Seen yesterday evening.


Quote of the Day

”Apparently Anna Wintour wants to be seen as human, and Amy Odell’s biography goes some way to helping her achieve that aim. Nearly all the photographs show her smiling, looking friendly, even girlish. And the text quite often mentions her crying. On 9 November 2016 she cried in front of her entire staff because Hillary Clinton lost the election. But then she immediately set about trying to persuade Melania Trump to do a Vogue shoot. Melania, another tough cookie, refused unless she was guaranteed the cover.”

  • Lynn Barber, reviewing Amy Odell’s biography of the heroine of The Devil Wears Pravda.

(It’s a characteristically sharp review, btw, and may even be outside the paywall.)


Musical alternative to the morning’s radio news

Haydn String Quartet No. 62, Op. 76 No. 3 “Emperor” (second movement) | Veridis Quartet

Link


Long Read of the Day

Heather Cox Richardson on the ‘right to bear arms’

In the aftermath of the Texas child massacre, this has to be today’s Long Read.

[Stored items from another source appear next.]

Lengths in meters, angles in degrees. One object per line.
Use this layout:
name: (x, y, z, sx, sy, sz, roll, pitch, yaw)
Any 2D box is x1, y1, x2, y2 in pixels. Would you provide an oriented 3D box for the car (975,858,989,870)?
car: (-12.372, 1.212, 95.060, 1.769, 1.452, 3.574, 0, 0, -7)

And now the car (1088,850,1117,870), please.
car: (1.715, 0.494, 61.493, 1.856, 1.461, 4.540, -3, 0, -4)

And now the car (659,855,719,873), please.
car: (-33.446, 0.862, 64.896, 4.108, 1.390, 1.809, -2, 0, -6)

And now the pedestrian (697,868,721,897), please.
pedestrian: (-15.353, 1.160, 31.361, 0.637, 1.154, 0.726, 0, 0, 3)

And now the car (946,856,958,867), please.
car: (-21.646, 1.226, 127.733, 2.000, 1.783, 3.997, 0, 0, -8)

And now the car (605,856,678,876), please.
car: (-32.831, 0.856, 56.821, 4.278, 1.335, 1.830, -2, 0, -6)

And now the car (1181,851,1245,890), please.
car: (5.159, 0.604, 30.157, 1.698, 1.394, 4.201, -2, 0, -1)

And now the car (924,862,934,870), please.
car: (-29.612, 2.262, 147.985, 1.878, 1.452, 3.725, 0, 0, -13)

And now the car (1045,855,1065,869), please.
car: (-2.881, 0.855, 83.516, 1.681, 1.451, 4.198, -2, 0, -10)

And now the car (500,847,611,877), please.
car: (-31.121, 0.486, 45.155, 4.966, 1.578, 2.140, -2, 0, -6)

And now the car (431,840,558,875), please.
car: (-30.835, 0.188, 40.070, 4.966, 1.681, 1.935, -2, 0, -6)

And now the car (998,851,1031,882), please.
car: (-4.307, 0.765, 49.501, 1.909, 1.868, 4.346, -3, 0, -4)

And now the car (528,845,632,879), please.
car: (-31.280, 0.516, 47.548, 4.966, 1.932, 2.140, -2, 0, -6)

For years now, after one massacre or another, I have written some version of the same article, explaining that the nation’s current gun free-for-all is not traditional but, rather, is a symptom of the takeover of our nation by a radical extremist minority. The idea that massacres are “the price of freedom,” as right-wing personality Bill O’Reilly said in 2017 after the Mandalay Bay massacre in Las Vegas, in which a gunman killed 60 people and wounded 411 others, is new, and it is about politics, not our history.

The Second Amendment to the Constitution, on which modern-day arguments for widespread gun ownership rest, is one simple sentence: “A well regulated militia, being necessary for the security of a free state, the right of the people to keep and bear arms, shall not be infringed.” There’s not a lot to go on about what the Framers meant, although in their day, to “bear arms” meant to be part of an organized militia.

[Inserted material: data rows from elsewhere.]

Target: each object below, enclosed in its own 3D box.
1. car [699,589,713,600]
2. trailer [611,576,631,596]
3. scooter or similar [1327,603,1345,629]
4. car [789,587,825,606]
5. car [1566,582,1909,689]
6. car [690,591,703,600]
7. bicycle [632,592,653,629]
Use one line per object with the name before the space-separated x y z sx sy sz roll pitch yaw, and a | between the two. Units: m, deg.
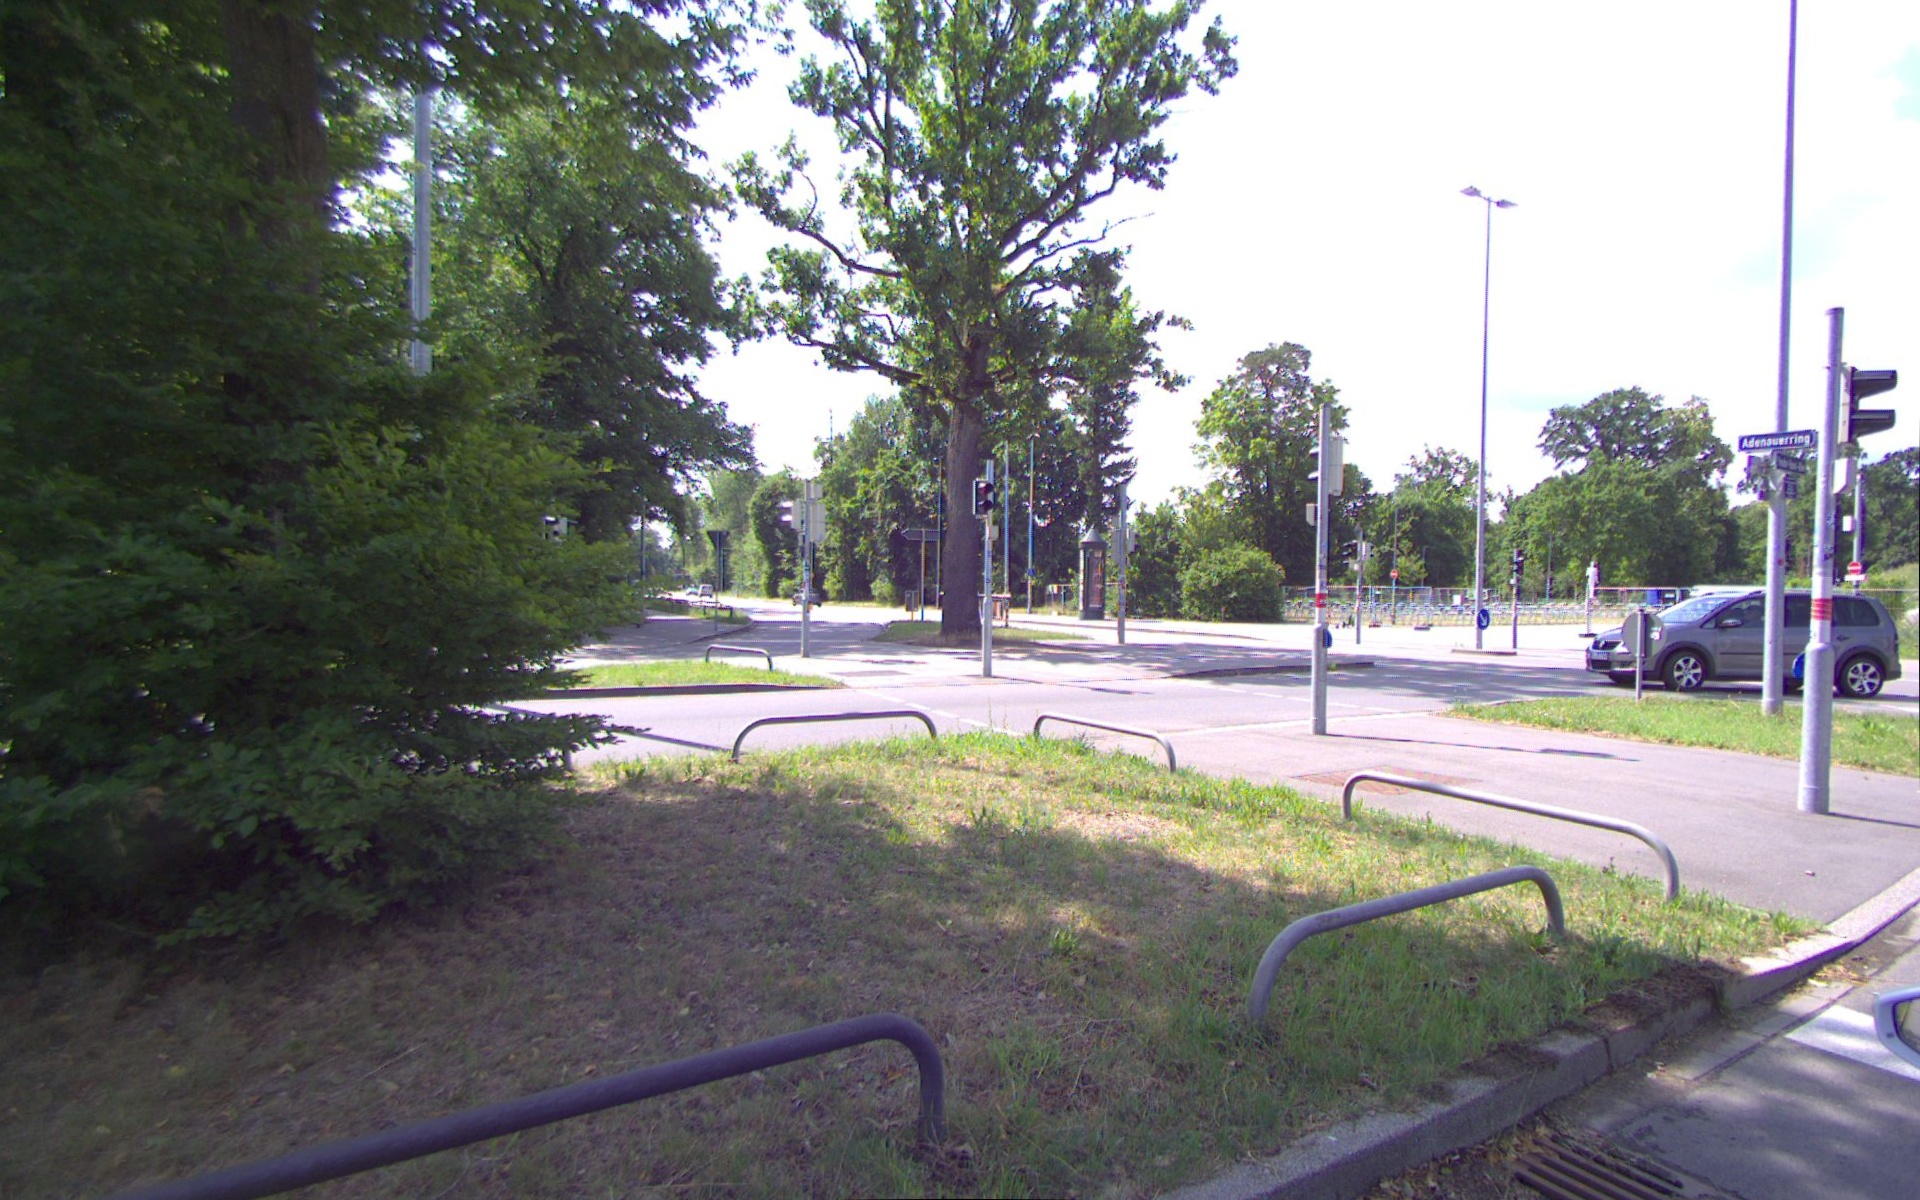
car | -38.210 -0.818 150.841 1.689 1.714 3.698 2 0 -20
trailer | -42.495 -1.721 125.751 1.972 2.420 3.976 2 0 -24
scooter or similar | 18.348 0.774 49.070 0.399 1.216 1.312 0 1 0
car | -13.052 -0.285 85.387 1.848 1.529 4.018 2 0 -27
car | 12.779 0.551 16.760 4.212 1.651 1.767 1 0 6
car | -47.874 -0.782 182.520 1.810 1.514 4.088 2 0 -20
bicycle | -10.467 0.338 33.150 0.413 1.189 1.228 2 0 -8

As the Tennessee Supreme Court wrote in 1840, “A man in the pursuit of deer, elk, and buffaloes might carry his rifle every day for forty years, and yet it would never be said of him that he had borne arms; much less could it be said that a private citizen bears arms because he has a dirk or pistol concealed under his clothes, or a spear in a cane.”

Today’s insistence that the Second Amendment gives individuals a broad right to own guns comes from two places…

Read on. It’s worth it. Especially the bit about Steve Kerr, the basketball coach.

And then read James Fallows’s advice below.


The rituals we are about to see.

An excerpt from James Fallows’s blog post  on the Texas shooting…

Four years ago, after the Parkland gun massacre, I wrote about the deflection steps that were likely to keep any mass killing from affecting gun policy. The sequence was this, slightly updated from what I had written after the gun massacre in Aurora, Colorado six years before.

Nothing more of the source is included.